Broiled Oysters with Sun Dried Tomato Tapenade

April 9, 2010 – 3:39 pm

These are inspired by an appetizer I had at Anthony’s in Everett for our anniversary dinner back on March 25th. I got a raw oyster sampler and a pair of “barbecue oysters” that were both just wonderful. The oyster sampler was so much fun. I got to try half a dozen different locally farmed oysters and really got a feel for how the type of oyster and the waters they grow in affect the flavor. My favorites were the Olympia (the only oyster native to the northwest) and the Chelsea Gem, a Pacific oyster. The barbecue oysters were a hit with me too – they were broiled with some sun dried tomatoes and cheese. This is my version of the dish. I bought a dozen local Quilcene oysters, ate 4 raw, and ate the others cooked as below. These would be great on the grill as well!

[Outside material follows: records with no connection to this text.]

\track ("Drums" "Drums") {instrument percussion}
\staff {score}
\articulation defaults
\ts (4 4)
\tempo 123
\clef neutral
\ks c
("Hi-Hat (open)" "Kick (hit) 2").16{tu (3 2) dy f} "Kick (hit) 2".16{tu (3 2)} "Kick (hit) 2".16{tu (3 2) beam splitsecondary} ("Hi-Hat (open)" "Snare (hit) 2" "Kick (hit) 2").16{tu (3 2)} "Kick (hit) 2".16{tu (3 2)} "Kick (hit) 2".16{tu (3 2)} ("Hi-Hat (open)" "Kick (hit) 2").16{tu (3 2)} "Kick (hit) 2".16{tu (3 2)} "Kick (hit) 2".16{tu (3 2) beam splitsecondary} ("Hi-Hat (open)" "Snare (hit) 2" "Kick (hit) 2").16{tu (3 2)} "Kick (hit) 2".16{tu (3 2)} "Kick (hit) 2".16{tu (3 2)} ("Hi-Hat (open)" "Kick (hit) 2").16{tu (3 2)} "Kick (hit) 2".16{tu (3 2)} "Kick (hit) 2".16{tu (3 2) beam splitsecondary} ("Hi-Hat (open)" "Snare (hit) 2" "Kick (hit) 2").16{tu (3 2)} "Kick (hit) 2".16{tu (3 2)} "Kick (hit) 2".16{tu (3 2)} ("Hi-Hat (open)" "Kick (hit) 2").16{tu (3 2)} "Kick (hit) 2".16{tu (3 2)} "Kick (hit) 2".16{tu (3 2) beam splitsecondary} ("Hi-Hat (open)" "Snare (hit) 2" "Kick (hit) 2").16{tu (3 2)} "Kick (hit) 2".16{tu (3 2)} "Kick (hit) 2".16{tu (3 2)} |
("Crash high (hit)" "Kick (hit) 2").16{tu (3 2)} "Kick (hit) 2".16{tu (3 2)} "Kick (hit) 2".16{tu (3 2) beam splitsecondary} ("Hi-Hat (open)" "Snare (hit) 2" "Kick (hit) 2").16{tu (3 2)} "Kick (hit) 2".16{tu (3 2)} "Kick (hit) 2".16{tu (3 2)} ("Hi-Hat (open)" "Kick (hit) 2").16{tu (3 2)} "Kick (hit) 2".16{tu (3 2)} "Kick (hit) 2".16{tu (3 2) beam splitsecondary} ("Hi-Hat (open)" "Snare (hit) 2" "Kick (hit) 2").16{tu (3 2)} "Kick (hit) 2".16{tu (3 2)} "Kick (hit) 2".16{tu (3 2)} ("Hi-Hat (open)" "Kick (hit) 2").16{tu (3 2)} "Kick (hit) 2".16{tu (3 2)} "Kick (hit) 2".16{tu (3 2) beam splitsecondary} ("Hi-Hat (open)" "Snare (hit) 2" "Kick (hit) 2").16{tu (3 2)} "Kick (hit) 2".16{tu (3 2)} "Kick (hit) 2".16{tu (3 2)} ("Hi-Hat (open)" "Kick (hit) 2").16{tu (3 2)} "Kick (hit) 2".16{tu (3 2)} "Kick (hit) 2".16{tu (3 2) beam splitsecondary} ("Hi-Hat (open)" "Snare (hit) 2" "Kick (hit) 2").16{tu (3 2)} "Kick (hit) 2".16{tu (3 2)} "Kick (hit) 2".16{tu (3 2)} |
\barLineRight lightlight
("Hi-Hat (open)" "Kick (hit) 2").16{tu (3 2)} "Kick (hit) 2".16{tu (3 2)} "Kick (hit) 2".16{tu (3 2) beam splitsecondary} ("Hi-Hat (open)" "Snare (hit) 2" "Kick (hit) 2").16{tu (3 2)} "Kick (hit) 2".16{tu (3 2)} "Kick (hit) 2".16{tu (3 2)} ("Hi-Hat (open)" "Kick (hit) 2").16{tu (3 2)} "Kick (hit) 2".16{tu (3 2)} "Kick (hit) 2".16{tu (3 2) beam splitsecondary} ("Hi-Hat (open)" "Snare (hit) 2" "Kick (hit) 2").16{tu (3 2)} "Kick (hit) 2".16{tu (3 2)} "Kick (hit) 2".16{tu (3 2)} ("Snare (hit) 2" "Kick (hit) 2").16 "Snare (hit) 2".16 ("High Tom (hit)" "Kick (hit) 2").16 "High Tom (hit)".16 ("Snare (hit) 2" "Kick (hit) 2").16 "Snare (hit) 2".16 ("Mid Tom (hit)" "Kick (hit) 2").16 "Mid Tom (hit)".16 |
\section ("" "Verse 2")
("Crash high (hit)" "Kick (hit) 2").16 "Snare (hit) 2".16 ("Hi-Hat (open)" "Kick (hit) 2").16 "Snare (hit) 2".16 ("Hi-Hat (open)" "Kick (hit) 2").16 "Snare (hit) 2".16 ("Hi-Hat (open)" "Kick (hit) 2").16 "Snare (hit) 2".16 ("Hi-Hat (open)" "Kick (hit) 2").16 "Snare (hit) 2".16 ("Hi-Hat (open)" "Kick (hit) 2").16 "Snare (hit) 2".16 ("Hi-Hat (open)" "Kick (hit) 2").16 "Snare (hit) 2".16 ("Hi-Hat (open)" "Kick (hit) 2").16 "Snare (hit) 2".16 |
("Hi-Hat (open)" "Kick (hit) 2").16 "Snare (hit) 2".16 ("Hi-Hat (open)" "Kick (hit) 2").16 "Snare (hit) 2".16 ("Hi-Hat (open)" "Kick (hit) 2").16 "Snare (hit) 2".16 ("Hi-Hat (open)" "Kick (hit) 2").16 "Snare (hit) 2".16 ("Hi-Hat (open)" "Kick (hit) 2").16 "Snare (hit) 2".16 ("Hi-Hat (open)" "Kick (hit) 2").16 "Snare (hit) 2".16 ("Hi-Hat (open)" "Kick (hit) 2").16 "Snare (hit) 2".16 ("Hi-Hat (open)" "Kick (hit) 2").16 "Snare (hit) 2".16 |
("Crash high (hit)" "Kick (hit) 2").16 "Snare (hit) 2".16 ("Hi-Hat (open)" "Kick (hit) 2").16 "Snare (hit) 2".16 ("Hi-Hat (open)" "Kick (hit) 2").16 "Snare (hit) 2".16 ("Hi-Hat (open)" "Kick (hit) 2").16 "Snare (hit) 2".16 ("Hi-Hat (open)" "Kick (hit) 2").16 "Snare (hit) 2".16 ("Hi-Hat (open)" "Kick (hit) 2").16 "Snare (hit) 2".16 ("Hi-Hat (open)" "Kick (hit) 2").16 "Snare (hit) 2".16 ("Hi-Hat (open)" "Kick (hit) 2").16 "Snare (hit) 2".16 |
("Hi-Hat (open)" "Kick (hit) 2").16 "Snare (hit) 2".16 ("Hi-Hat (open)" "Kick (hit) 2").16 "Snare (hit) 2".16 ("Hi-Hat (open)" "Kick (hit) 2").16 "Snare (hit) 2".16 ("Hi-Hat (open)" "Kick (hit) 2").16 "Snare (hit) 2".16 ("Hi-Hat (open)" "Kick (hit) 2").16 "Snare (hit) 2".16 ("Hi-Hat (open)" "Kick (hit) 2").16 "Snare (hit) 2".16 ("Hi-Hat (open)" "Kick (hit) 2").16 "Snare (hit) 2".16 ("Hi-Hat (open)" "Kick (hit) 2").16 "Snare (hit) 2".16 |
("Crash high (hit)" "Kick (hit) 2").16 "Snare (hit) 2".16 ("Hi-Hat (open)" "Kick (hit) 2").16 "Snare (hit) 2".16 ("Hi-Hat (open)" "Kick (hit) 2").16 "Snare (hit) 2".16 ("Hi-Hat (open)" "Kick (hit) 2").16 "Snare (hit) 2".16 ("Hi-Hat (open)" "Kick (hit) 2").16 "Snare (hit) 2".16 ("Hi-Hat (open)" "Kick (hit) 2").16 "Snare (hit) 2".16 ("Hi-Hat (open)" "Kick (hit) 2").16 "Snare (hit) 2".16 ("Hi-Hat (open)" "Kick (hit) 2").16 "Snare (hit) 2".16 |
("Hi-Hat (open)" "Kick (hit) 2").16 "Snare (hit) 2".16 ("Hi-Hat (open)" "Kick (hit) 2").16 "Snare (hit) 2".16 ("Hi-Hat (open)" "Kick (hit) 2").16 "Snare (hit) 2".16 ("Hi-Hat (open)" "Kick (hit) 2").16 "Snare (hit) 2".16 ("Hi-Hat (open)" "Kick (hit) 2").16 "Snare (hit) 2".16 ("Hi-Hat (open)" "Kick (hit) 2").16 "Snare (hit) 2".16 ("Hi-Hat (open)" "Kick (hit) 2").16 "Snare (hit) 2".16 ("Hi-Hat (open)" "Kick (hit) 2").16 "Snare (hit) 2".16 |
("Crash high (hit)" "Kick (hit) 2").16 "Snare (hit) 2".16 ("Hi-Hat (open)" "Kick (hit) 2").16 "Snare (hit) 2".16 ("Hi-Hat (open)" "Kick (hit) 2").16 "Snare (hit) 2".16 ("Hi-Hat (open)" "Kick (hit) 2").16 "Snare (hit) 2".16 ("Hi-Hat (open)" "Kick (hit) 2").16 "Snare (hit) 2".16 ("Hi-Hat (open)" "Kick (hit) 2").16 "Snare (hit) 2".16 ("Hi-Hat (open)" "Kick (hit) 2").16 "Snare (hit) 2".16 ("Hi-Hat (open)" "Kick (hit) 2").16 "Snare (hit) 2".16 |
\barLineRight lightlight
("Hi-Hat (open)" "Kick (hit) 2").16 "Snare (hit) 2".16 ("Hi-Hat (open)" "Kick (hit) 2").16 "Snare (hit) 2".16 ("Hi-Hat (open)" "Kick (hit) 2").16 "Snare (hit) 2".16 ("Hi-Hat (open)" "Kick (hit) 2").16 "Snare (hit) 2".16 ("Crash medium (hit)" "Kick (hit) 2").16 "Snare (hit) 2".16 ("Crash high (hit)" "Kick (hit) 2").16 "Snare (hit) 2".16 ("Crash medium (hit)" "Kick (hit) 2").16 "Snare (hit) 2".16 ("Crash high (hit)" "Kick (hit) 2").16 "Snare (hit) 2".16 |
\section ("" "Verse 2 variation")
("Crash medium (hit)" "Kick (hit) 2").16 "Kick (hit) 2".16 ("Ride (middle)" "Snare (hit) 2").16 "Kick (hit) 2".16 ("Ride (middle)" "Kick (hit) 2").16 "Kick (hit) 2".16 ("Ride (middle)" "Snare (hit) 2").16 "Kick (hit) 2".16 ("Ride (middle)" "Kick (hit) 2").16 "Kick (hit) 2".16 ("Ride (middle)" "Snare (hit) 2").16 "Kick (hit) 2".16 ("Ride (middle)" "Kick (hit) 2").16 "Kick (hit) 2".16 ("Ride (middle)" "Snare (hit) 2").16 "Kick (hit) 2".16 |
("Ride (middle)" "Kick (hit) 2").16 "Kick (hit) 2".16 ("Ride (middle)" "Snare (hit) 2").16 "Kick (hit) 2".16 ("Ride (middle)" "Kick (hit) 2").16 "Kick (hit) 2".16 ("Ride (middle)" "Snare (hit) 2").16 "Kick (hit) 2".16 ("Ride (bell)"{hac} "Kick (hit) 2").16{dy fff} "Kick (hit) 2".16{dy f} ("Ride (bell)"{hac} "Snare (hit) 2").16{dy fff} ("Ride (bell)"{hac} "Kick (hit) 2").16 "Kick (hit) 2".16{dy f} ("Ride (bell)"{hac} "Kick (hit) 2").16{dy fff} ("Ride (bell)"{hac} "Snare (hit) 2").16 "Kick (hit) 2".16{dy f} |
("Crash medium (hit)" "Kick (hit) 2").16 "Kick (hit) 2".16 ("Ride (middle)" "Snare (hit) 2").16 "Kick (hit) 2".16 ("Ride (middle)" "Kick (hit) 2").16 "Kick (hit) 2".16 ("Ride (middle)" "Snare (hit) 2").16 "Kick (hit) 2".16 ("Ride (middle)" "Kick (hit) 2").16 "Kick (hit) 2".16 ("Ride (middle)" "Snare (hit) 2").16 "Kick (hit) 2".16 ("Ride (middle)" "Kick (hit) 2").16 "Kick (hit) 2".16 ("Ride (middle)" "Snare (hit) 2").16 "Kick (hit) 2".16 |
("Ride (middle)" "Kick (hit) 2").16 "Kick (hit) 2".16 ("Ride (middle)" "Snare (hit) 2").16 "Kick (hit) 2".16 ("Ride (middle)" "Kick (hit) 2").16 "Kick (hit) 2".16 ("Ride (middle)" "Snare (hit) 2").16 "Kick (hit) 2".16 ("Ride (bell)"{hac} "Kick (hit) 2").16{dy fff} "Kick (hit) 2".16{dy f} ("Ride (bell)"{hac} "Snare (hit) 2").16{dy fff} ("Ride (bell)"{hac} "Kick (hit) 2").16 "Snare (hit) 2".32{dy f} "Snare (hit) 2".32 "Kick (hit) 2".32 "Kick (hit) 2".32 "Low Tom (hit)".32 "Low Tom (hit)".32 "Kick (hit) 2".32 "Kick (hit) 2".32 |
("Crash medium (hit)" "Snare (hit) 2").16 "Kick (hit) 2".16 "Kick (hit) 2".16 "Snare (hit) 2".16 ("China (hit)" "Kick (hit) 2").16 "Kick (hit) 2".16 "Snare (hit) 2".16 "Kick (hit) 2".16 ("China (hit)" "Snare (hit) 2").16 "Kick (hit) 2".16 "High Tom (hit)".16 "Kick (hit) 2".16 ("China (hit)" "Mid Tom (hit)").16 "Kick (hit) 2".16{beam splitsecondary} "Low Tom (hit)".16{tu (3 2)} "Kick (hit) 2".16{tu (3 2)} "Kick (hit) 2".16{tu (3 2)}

Broiled Oysters with Sun Dried Tomato Tapenade
Serves 2 as an appetizer

6 fresh oysters in the shell
2 oz sun dried tomatoes packed in seasoned oil (I like Mezzetta, with garlic, oregano, and basil), chopped into a tapenade
1 tbsp grated Parmesan cheese

Preheat the broiler to high heat.

Place the oysters deep side down on a rimmed baking sheet and place under the broiler. Cook for 3-4 minutes or until they just start to open. Using a thick oven mitt, an oyster knife, and great care, remove the top shells from the oysters and sever the muscle holding the oyster in the shell, being careful to spill as little of the liquor as possible. Spoon a little of the tomato tapenade onto each oyster, sprinkle with Parmesan, and return under the broiler. Cook for another minute or until the tapenade is warm and the cheese is melted.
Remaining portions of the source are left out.